* **Records from a dataset**:
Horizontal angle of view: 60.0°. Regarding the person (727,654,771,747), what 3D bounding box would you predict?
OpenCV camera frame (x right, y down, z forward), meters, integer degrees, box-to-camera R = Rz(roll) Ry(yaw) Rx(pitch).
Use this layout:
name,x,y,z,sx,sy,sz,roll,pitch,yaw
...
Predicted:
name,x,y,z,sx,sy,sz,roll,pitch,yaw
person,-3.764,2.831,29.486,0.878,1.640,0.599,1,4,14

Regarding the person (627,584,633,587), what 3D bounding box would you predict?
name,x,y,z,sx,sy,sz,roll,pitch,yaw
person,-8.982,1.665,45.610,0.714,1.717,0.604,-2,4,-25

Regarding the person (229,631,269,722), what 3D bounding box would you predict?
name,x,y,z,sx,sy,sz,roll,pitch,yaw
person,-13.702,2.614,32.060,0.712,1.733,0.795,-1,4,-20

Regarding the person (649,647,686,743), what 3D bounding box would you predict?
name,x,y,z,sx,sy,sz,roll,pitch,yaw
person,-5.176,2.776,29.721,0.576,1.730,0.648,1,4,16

* **Exercise instructions**: Nothing should be returned except the lines from the one containing "OpenCV camera frame" through the last line of the data, each restated word for word.

* **Solution to the exercise**:
OpenCV camera frame (x right, y down, z forward), meters, integer degrees, box-to-camera R = Rz(roll) Ry(yaw) Rx(pitch).
Use this layout:
name,x,y,z,sx,sy,sz,roll,pitch,yaw
...
Predicted:
name,x,y,z,sx,sy,sz,roll,pitch,yaw
person,-3.764,2.831,29.486,0.878,1.640,0.599,1,4,14

Regarding the person (627,584,633,587), what 3D bounding box would you predict?
name,x,y,z,sx,sy,sz,roll,pitch,yaw
person,-8.982,1.665,45.610,0.714,1.717,0.604,-2,4,-25

Regarding the person (229,631,269,722), what 3D bounding box would you predict?
name,x,y,z,sx,sy,sz,roll,pitch,yaw
person,-13.702,2.614,32.060,0.712,1.733,0.795,-1,4,-20

Regarding the person (649,647,686,743), what 3D bounding box would you predict?
name,x,y,z,sx,sy,sz,roll,pitch,yaw
person,-5.176,2.776,29.721,0.576,1.730,0.648,1,4,16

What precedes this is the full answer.